The Berlin Wall Memorial
On the night of August 12, 1961, the infamous Berlin Wall would come up, dividing East and West Berlin. This division wouldn’t fall until November 9, 1989, marking the end of the dictatorship. Today, you can see the last piece of the Berlin Wall with preserved grounds behind it at the Berlin Wall Memorial. The Memorial is located in the middle of the capital right on Bernauer Strasse. The open-air exhibit on the former border strip provides visitors with an understanding of Germany’s great division, one that would take the lives of 209 people trying to cross over.

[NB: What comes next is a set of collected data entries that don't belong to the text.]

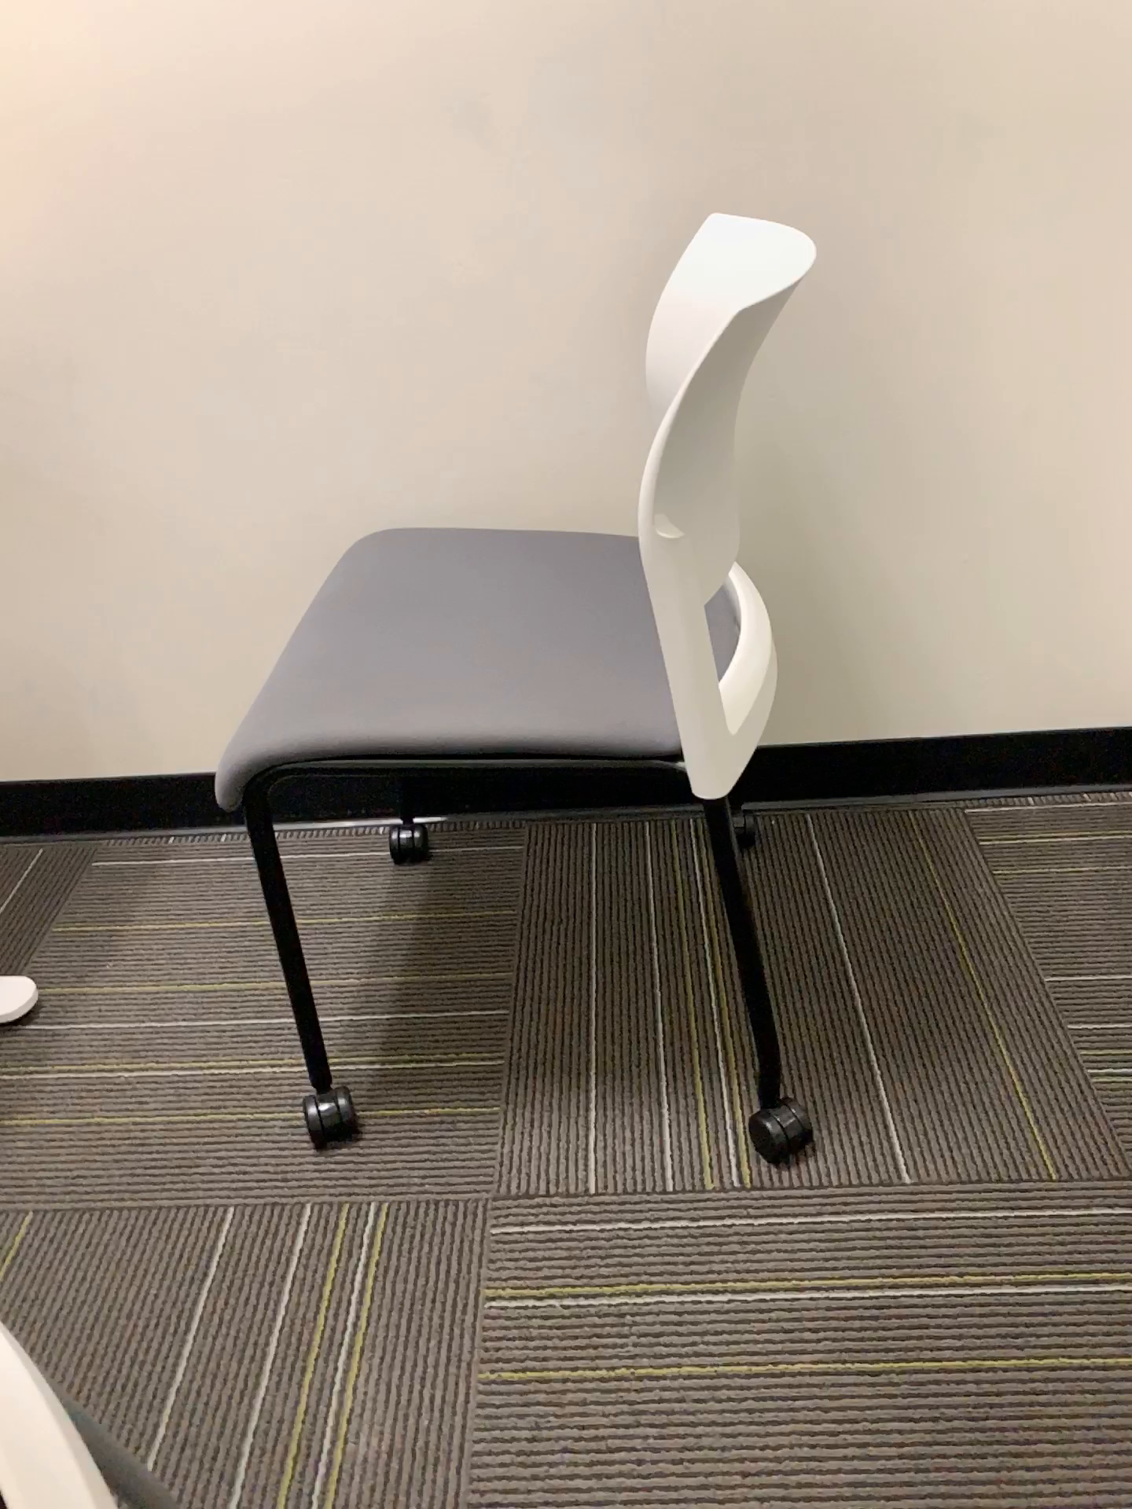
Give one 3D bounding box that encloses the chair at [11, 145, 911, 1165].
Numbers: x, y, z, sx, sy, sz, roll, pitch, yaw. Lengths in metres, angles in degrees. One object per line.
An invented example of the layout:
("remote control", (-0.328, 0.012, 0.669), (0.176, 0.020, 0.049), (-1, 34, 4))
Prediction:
("chair", (-0.032, -0.111, 1.152), (0.540, 0.805, 0.604), (-2, 31, 4))
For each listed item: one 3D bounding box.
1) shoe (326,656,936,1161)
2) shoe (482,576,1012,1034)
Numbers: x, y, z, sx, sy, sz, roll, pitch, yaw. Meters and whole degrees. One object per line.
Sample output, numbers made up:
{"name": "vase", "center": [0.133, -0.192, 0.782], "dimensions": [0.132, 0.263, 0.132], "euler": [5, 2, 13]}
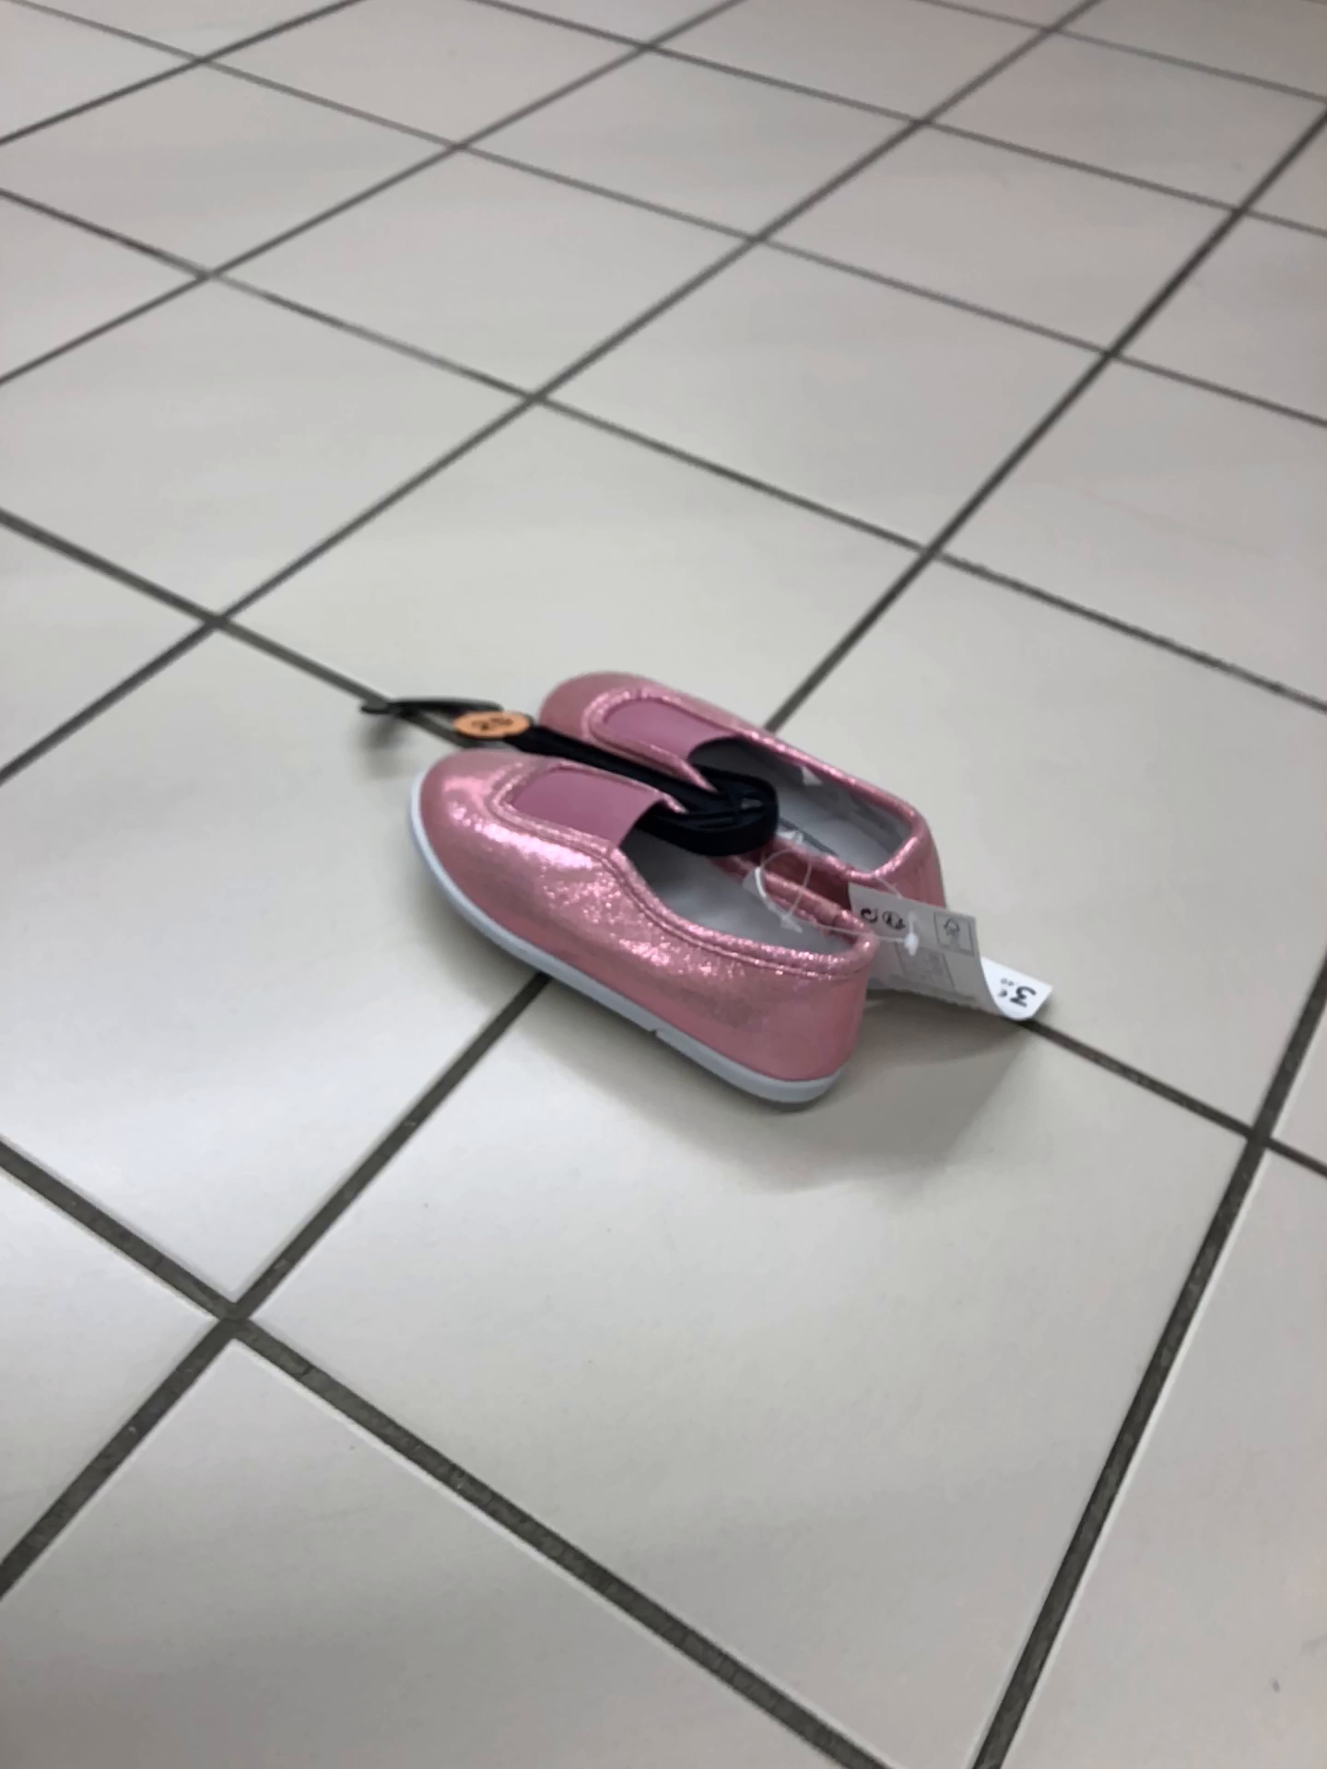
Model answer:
{"name": "shoe", "center": [-0.012, 0.002, 0.436], "dimensions": [0.163, 0.050, 0.070], "euler": [29, 52, 22]}
{"name": "shoe", "center": [0.021, -0.030, 0.467], "dimensions": [0.161, 0.051, 0.059], "euler": [34, 55, 25]}
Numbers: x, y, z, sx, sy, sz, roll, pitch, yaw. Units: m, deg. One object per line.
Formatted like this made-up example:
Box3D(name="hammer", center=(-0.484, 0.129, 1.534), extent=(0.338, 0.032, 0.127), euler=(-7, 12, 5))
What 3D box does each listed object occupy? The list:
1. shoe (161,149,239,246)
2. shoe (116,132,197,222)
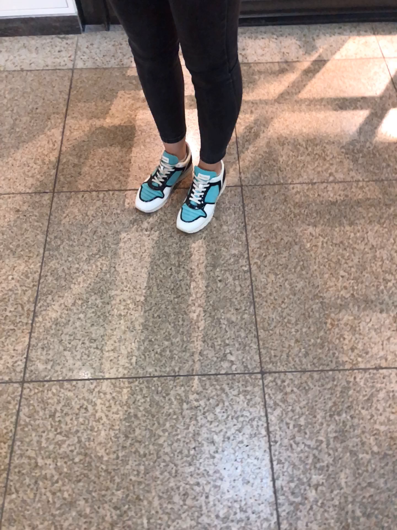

Bebelplatz Booking Burning Monument
On May 10, 1933, an organized book burning by the Nazis took place in Bebelplatz, ironically one of Berlin’s most beautiful squares. Around 20,000 important works of world literature were thrown into the flames, those that didn’t line up with Nazi ideology. While you might not notice a monument when looking at the square, the reminder of the event may be right below your feet. Lurking in the middle of the square is the monument by MichaUllmann. It commemorates the incident with a library embedded in the ground featuring hauntingly empty bookshelves. Nearby a quote from Henrich Heine from 1820 reads, “Where they burn books, they will ultimately burn people.” At night, the tiny window into the underground library lights up, creating a lasting impression.